┌─ Data
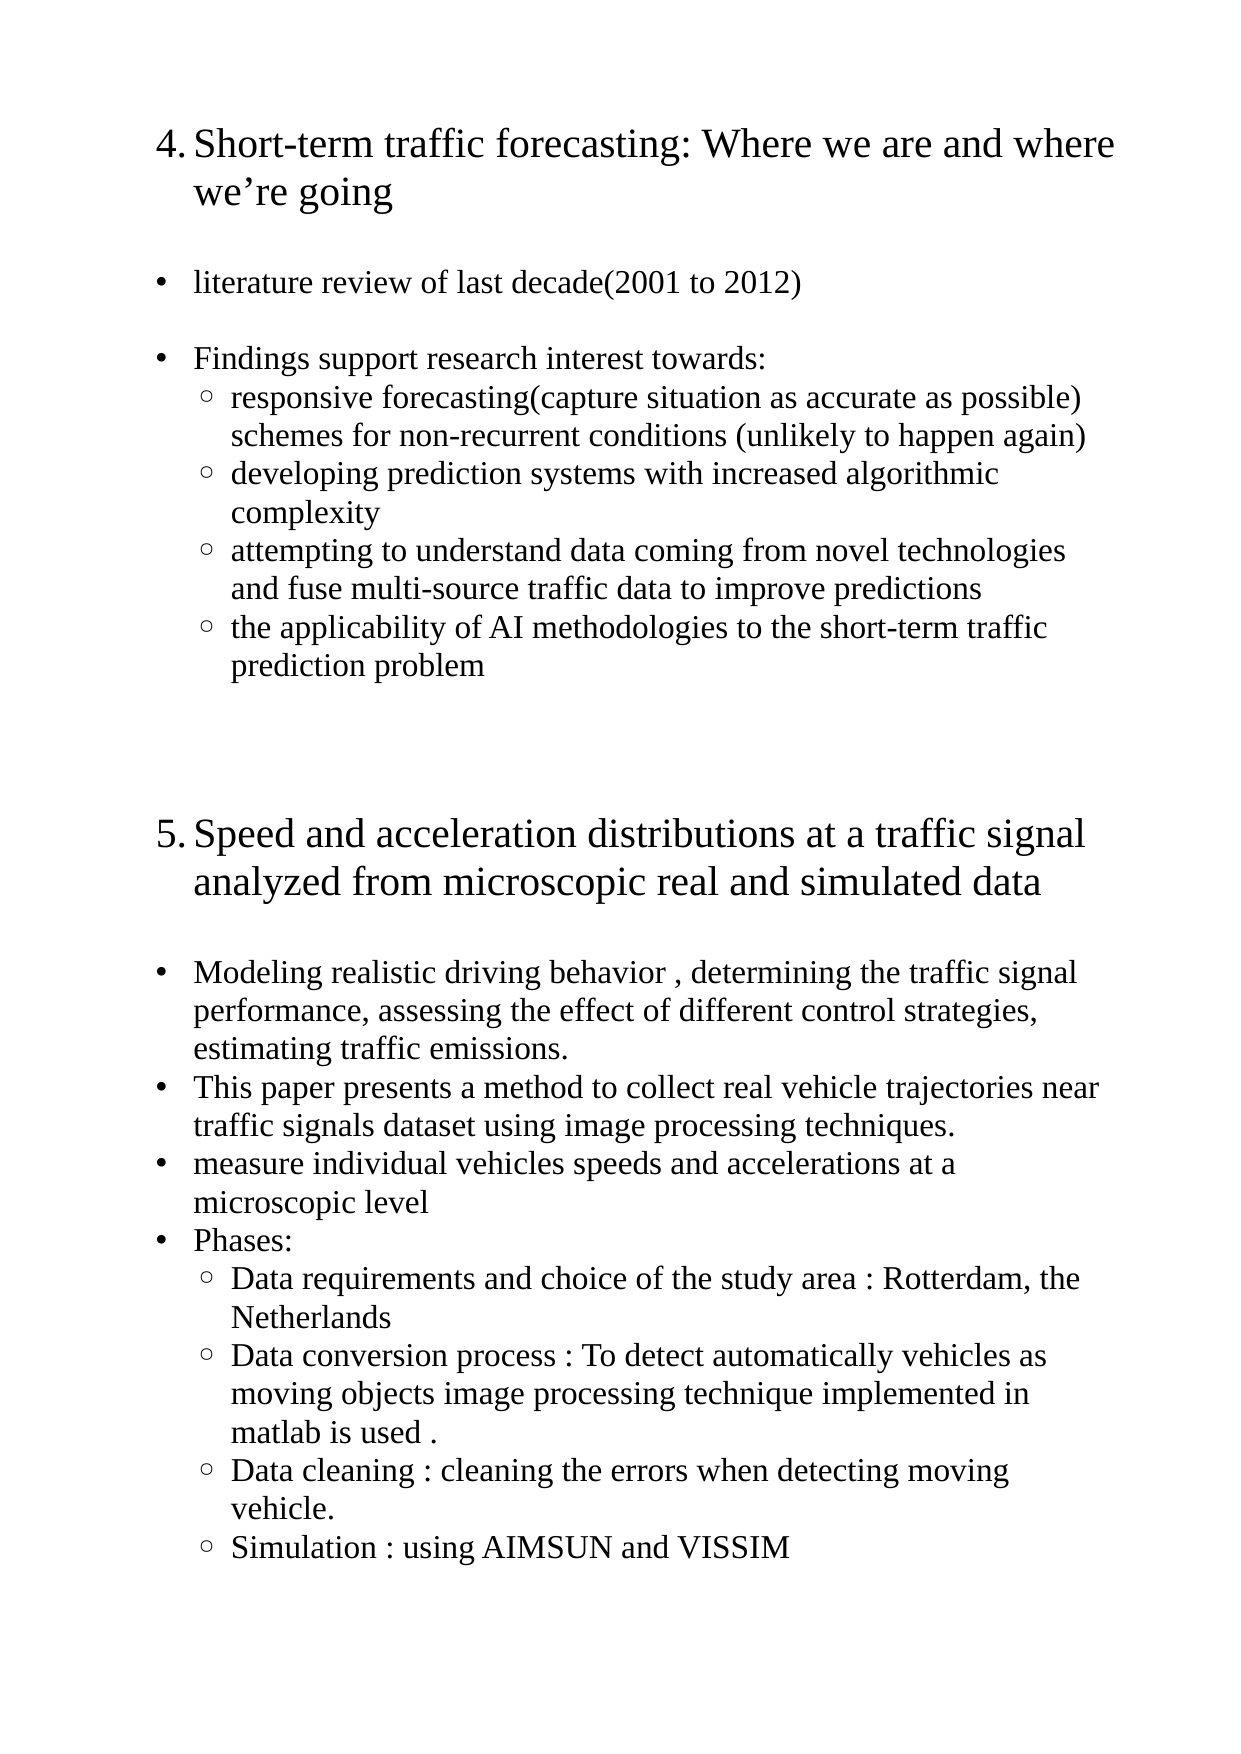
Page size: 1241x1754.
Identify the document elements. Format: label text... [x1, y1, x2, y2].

list Phases: [156, 1220, 1122, 1258]
list literature review of last decade(2001 to 2012) [156, 262, 1122, 300]
list Modeling realistic driving behavior , determining the traffic signal performance, assessing the effect of different control strategies, estimating traffic emissions. [156, 952, 1122, 1067]
list analyzed from microscopic real and simulated data [156, 856, 1122, 904]
list Data requirements and choice of the study area : Rotterdam, the Netherlands [193, 1258, 1122, 1335]
list Short-term traffic forecasting: Where we are and where we’re going [156, 118, 1122, 214]
list Data cleaning : cleaning the errors when detecting moving vehicle. [193, 1450, 1122, 1527]
list Speed and acceleration distributions at a traffic signal [156, 808, 1122, 856]
list responsive forecasting(capture situation as accurate as possible) schemes for non-recurrent conditions (unlikely to happen again) [193, 377, 1122, 453]
list Findings support research interest towards: [156, 338, 1122, 377]
list measure individual vehicles speeds and accelerations at a microscopic level [156, 1143, 1122, 1220]
list the applicability of AI methodologies to the short-term traffic prediction problem [193, 607, 1122, 683]
list attempting to understand data coming from novel technologies and fuse multi-source traffic data to improve predictions [193, 530, 1122, 607]
list This paper presents a method to collect real vehicle trajectories near traffic signals dataset using image processing techniques. [156, 1067, 1122, 1143]
list Simulation : using AIMSUN and VISSIM [193, 1527, 1122, 1565]
list Data conversion process : To detect automatically vehicles as moving objects image processing technique implemented in matlab is used . [193, 1335, 1122, 1450]
list developing prediction systems with increased algorithmic complexity [193, 453, 1122, 530]
└─
## What you should do:
Only the line containing "list responsive forecasting(capture" and the lines after it, up to and including the last line of the data, should appear in the answer, exactly as written.

## Solution to this problem:
list responsive forecasting(capture situation as accurate as possible) schemes for non-recurrent conditions (unlikely to happen again) [193, 377, 1122, 453]
list Findings support research interest towards: [156, 338, 1122, 377]
list measure individual vehicles speeds and accelerations at a microscopic level [156, 1143, 1122, 1220]
list the applicability of AI methodologies to the short-term traffic prediction problem [193, 607, 1122, 683]
list attempting to understand data coming from novel technologies and fuse multi-source traffic data to improve predictions [193, 530, 1122, 607]
list This paper presents a method to collect real vehicle trajectories near traffic signals dataset using image processing techniques. [156, 1067, 1122, 1143]
list Simulation : using AIMSUN and VISSIM [193, 1527, 1122, 1565]
list Data conversion process : To detect automatically vehicles as moving objects image processing technique implemented in matlab is used . [193, 1335, 1122, 1450]
list developing prediction systems with increased algorithmic complexity [193, 453, 1122, 530]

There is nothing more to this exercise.